What do ucluers think about Bitcoin? I am not so interested in its potential as a solid currency, but as a way of getting rich.

 

myoarin 

User

 4 Jun 2011 12:59 UTCSat 4 Jun 2011 - 12:59 pm UTC 

This may be a start:
quezi.com/13527

 

montecristo 

Customer

 4 Jun 2011 18:37 UTCSat 4 Jun 2011 - 6:37 pm UTC 

What I am really after is the judgment of ucluers - I realise Quezi another ucluer website, but that answer is factual only. I am as familiar with the facts as one can be with this weird and obscure service.

 

Roger Browne 

Answer

 5 Jun 2011 00:24 UTCSun 5 Jun 2011 - 12:24 am UTC 

Hi montecristo,

As Uclue does not provide investment advice, this answer is in the form of overview and opinion, which I think is what you are seeking anyway.

The potential to get rich with Bitcoin is inexorably linked to Bitcoin's potential as a solid currency; or rather to Bitcoin's potential for wide adoption and extensive use, which is not exactly the same thing but is closely related.

Bitcoins are being traded now for more than a hundred times what they were changing hands for a year ago. In that regard, it seems that investing in Bitcoin a year ago would have been a spectacularly good decision. But that's with hindsight, and at the time the picture was not at all clear. No-one really knew whether anyone would start using bitcoins for real transactions. There was the guy who bought two pizzas for 10,000 bitcoins, but that was more a "proof of concept" than a regular transaction. So people who invested by buying bitcoins a year ago were taking an enormous chance against overwhelming odds, and they were lucky that it paid off.

Fast-forward to today, and the picture is much the same: only the scale is different. The risks are now slightly lower (but are still enormous), and the price has risen so the upside is not quite so high (but is still enormous). So the decision to be made is just as difficult.

The market price of a bitcoin is already "pricing in" the risks perceived by the market participants. If the risk of failure is lower than that priced into the market, then it could be a good investment. If the risk of failure is higher than that already priced into the market, then it is certainly a poor investment.

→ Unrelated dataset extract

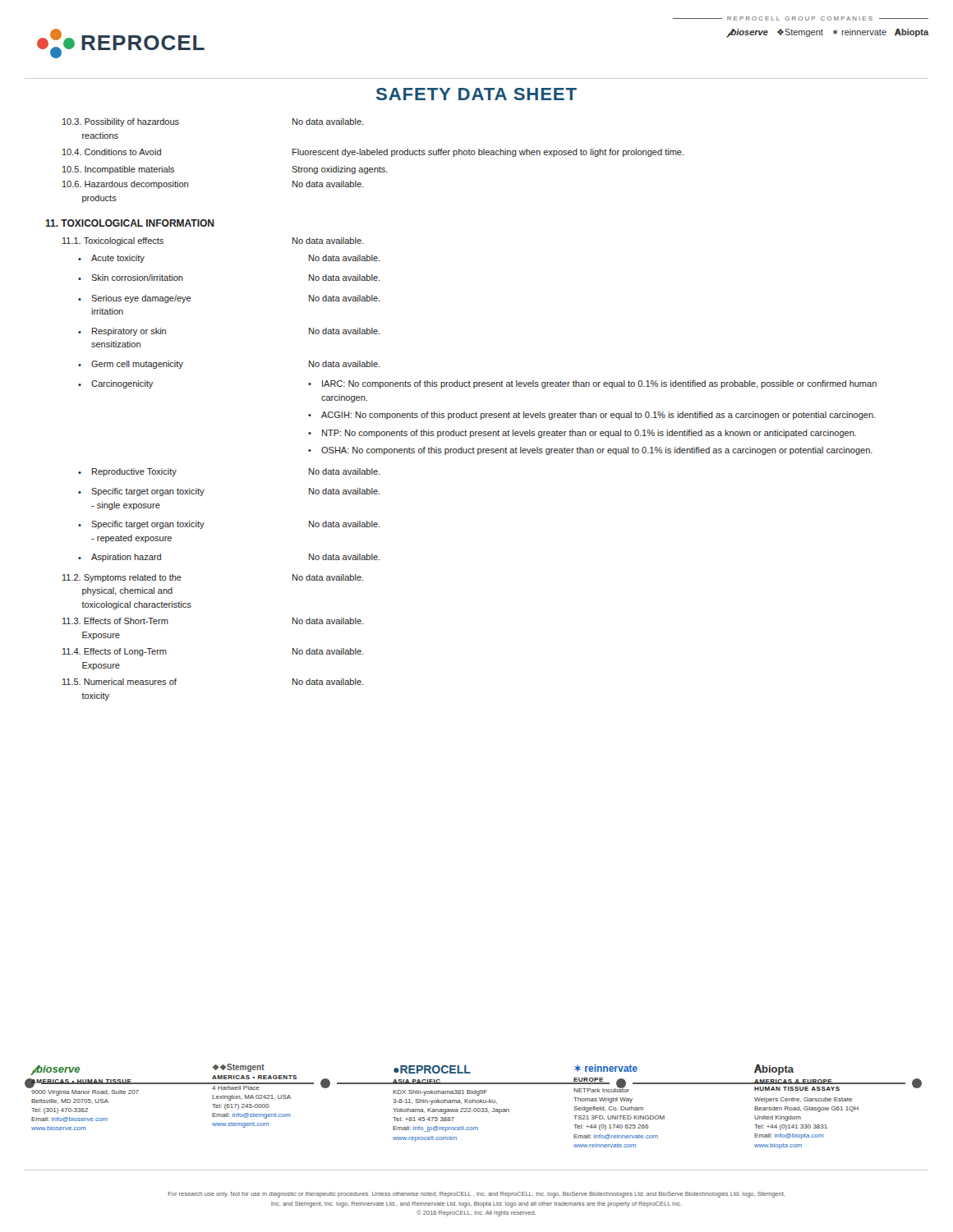Locate the list item containing "• Specific target organ toxicity- single"
Screen dimensions: 1232x953
click(145, 492)

There are several reasons why Bitcoin might not become widely adopted, and any of these could lead to a total failure of the investment. If enough governments around the world tried to prohibit Bitcoin, it would prevent Bitcoin from achieving critical mass. If a corporation like Google or Facebook came up with a peer-to-peer currency that was significantly easier to use than Bitcoin, that could trigger the failure of bitcoin.

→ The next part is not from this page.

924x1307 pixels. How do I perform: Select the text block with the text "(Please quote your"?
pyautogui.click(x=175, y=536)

The early adopters of Bitcoin are acutely aware that it's not as easy as it might be to keep your coins secure. To avoid losing your coins, you need to have robust backups of the file that holds your private keys (the cryptographic keys that your software uses to enable you to spend your coins). To avoid others spending your coins, you must not let anyone else get access to that file. There's no doubt that virus writers are working on ways to "steal" people's bitcoin wallet files. A major loss of coins to a bitcoin-stealing virus or trojan could dent people's confidence in Bitcoin to the extent that it might not recover.

Naturally the software developers are working on ways to make Bitcoin more robust. But the Bitcoin software is a volunteer-driven open-source project. There's no organization "responsible" for Bitcoin (no central bank, no government, no corporation), which of course is one of the reasons some people want Bitcoin to succeed. This means that each user is responsible for securing their own system.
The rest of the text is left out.